We recommended you open and refer to the [sample partitioner plugin sources](#sample-partitioner-plugin) while following these instructions.

A partitioner plugin integrates with PDI by implementing two distinct Java interfaces. Each interface represents a set of responsibilities performed by a PDI partitioner. Each of the interfaces has a base class that implements the bulk of the interface in order to simplify plugin development.

| Package                        | Interface           | Base Class      | Main Responsibilities                                                                                                                                                              |
| ------------------------------ | ------------------- | --------------- | ---------------------------------------------------------------------------------------------------------------------------------------------------------------------------------- |
| `org.pentaho.di.trans`         | Partitioner         | BasePartitioner | <ul><li>Maintain partitioner settings</li><li>Serialize partitioner enumerations</li><li>Provide access to dialog class</li><li>Assign rows to partitions during runtime</li></ul> |
| `org.pentaho.di.ui.trans.step` | StepDialogInterface | BaseStepDialog  | <ul><li>Partitioner settings dialog</li></ul>                                                                                                                                      |

## Implementing the partitioner interface

`Partitioner` is the main Java interface that a plugin implements.

* **Java interface**

  [org.pentaho.di.trans.Partitioner](http://javadoc.pentaho.com/kettle530/kettle-engine-5.3.0.0-javadoc/org/pentaho/di/trans/Partitioner.html)
* **Base class**

  [org.pentaho.di.trans.BasePartitioner](http://javadoc.pentaho.com/kettle530/kettle-engine-5.3.0.0-javadoc/org/pentaho/di/trans/BasePartitioner.html)

### Keep track of partitioner settings

The implementing class keeps track of partitioner settings using private fields with corresponding `get` and `set` methods.

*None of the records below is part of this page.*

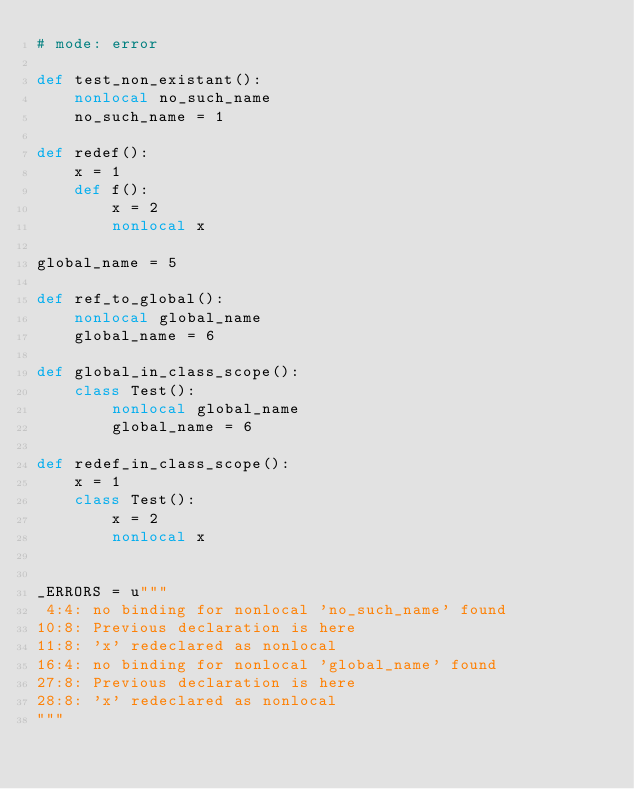<code> <loc_0><loc_0><loc_500><loc_500><_Cython_># mode: error

def test_non_existant():
    nonlocal no_such_name
    no_such_name = 1

def redef():
    x = 1
    def f():
        x = 2
        nonlocal x

global_name = 5

def ref_to_global():
    nonlocal global_name
    global_name = 6

def global_in_class_scope():
    class Test():
        nonlocal global_name
        global_name = 6

def redef_in_class_scope():
    x = 1
    class Test():
        x = 2
        nonlocal x


_ERRORS = u"""
 4:4: no binding for nonlocal 'no_such_name' found
10:8: Previous declaration is here
11:8: 'x' redeclared as nonlocal
16:4: no binding for nonlocal 'global_name' found
27:8: Previous declaration is here
28:8: 'x' redeclared as nonlocal
"""
</code> 
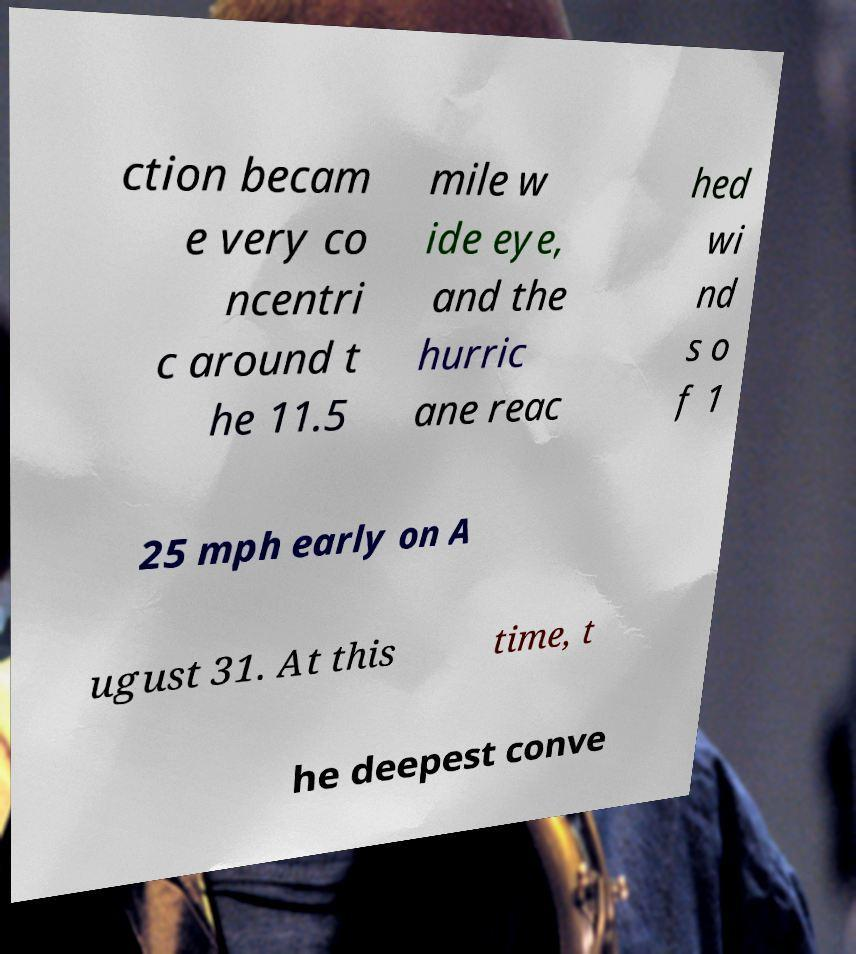Please identify and transcribe the text found in this image. ction becam e very co ncentri c around t he 11.5 mile w ide eye, and the hurric ane reac hed wi nd s o f 1 25 mph early on A ugust 31. At this time, t he deepest conve 
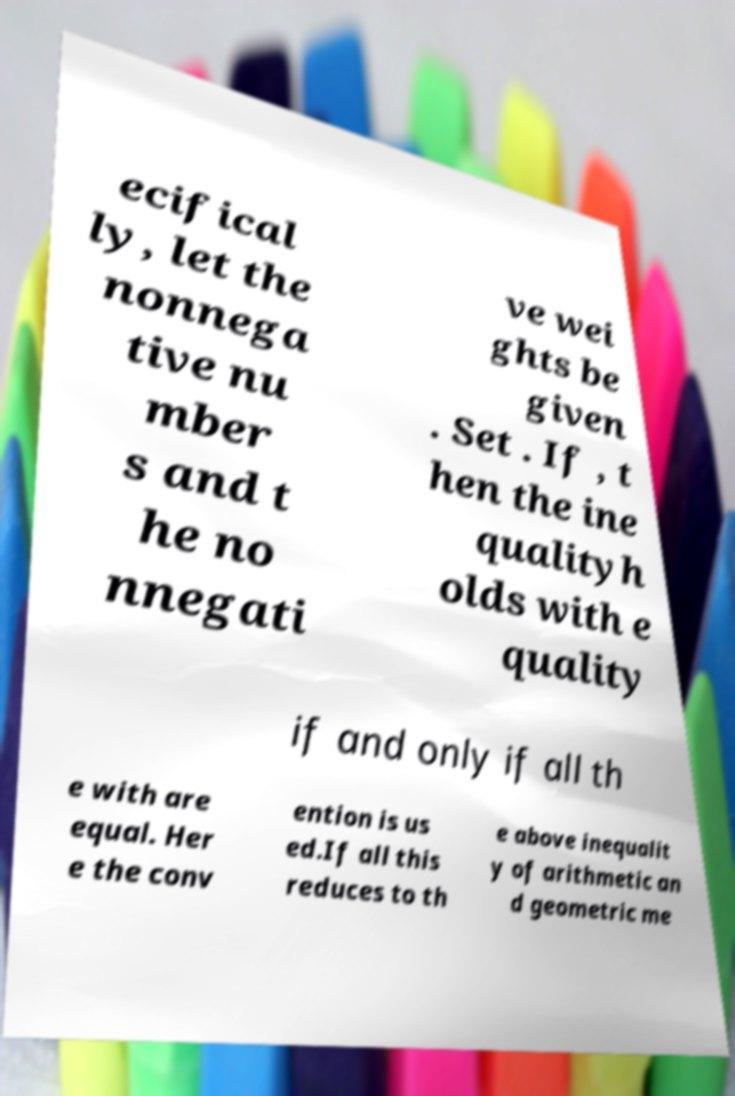Could you extract and type out the text from this image? ecifical ly, let the nonnega tive nu mber s and t he no nnegati ve wei ghts be given . Set . If , t hen the ine qualityh olds with e quality if and only if all th e with are equal. Her e the conv ention is us ed.If all this reduces to th e above inequalit y of arithmetic an d geometric me

The `dialog` class implementing `PartionerDialogInterface` is using these methods to copy the user supplied configuration in and out of the dialog.

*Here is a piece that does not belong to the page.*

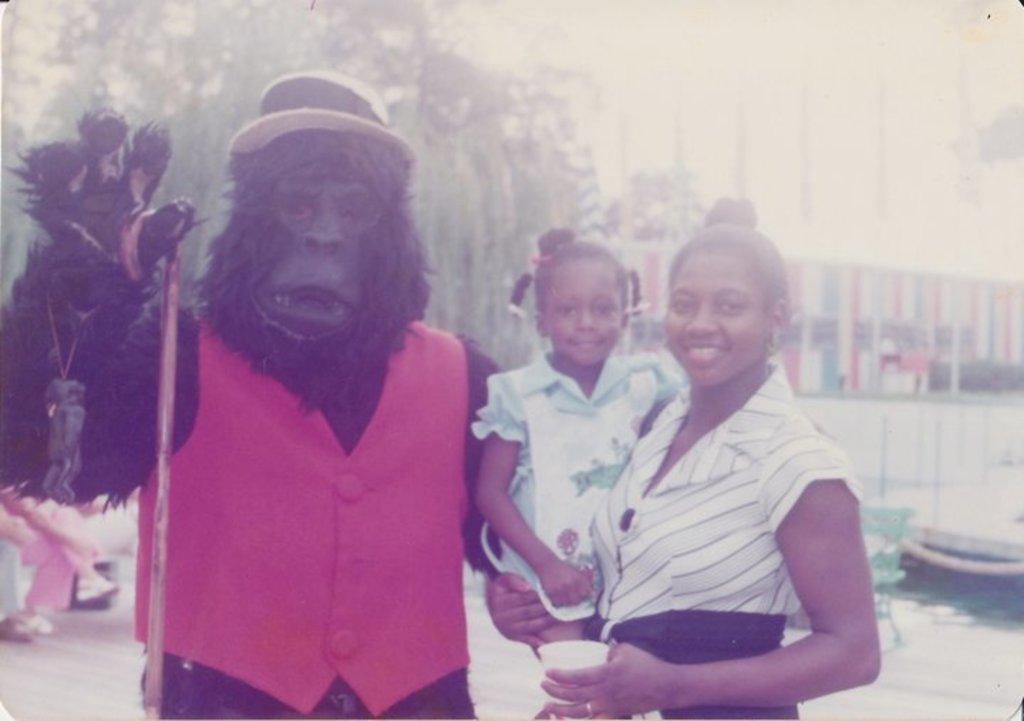Describe this image in one or two sentences. On the left side, we see a person wearing the chimpanzee costume is standing. Beside the person, we see a woman is standing. She is carrying the girl and she is smiling. She is holding a cup in her hand. They might be posing for the photo. Behind them, we see water and ships. In the left bottom, we see the legs of the person who is sitting on the bench. In the background, we see the trees and the buildings. This picture might be a photo frame.

* **`public Object clone()`**

  This method is called when a step containing partitioning configuration is duplicated in the PDI client (Spoon). It needs to return a deep copy of this partitioner object. It is essential that the implementing class creates proper deep copies if the configuration is stored in modifiable objects, such as lists or custom helper objects. The copy is created by calling `super.clone()` and deep copying any fields the partitioner may have declared.
* **`public Partitioner getInstance()`**

  This method is required to return a new instance of the partitioner class, with the plugin id and plugin description inherited from the instance upon which this method is called.

### Serialize partitioner settings

The plugin serializes its settings to both XML and a PDI repository.

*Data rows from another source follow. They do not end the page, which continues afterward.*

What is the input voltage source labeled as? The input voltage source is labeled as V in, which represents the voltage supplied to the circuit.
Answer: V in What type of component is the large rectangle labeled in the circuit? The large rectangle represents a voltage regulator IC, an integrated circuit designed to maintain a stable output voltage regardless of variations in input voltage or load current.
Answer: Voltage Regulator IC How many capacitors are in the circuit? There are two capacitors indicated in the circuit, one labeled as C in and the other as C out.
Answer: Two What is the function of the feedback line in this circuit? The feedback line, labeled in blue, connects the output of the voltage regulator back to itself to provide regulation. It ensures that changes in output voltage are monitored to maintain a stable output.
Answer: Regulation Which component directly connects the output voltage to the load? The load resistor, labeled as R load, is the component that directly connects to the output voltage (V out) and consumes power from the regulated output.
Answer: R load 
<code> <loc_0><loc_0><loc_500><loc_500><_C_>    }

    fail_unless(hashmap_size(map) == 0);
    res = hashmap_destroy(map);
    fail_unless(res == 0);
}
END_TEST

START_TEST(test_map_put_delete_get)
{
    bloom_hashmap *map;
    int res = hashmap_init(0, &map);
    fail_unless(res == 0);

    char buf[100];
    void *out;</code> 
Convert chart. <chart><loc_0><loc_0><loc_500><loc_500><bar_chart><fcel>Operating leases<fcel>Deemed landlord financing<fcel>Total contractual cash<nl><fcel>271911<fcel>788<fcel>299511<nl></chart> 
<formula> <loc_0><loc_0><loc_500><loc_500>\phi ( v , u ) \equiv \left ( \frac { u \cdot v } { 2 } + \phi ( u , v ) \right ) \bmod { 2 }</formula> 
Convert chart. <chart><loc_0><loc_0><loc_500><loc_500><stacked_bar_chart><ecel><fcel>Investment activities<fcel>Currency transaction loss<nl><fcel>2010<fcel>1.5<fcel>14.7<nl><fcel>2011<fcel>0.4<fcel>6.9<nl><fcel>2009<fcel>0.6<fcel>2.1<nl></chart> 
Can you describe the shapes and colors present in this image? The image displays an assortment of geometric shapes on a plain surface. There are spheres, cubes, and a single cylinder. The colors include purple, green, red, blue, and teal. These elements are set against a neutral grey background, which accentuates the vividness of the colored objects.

* **`public String getXML()`**

  This method is called by PDI whenever the plugin needs to serialize its settings to XML. It is called when saving a transformation in the PDI client (Spoon). The method returns an XML string containing the serialized settings. The string contains a series of XML tags, one tag per setting. The helper class `org.pentaho.di.core.xml.XMLHandler` constructs the XML string.
* **`public void loadXML()`**

  This method is called by PDI whenever a plugin reads its settings from XML. The XML node containing the plugin settings is passed in as an argument. Again, the helper class `org.pentaho.di.core.xml.XMLHandler` is used to read the settings from the XML node.
* **`public void saveRep()`**

  This method is called by PDI whenever a plugin saves its settings to a PDI repository. The repository object passed in as the first argument provides a convenient set of methods for serializing settings. The transformation id and step id passed in are used as identifiers when calling the repository serialization methods.
* **`public void readRep()`**

  This method is called by PDI whenever a plugin needs to read its configuration from a PDI repository. The step id given in the arguments should be used as the identifier when using the repositories serialization methods.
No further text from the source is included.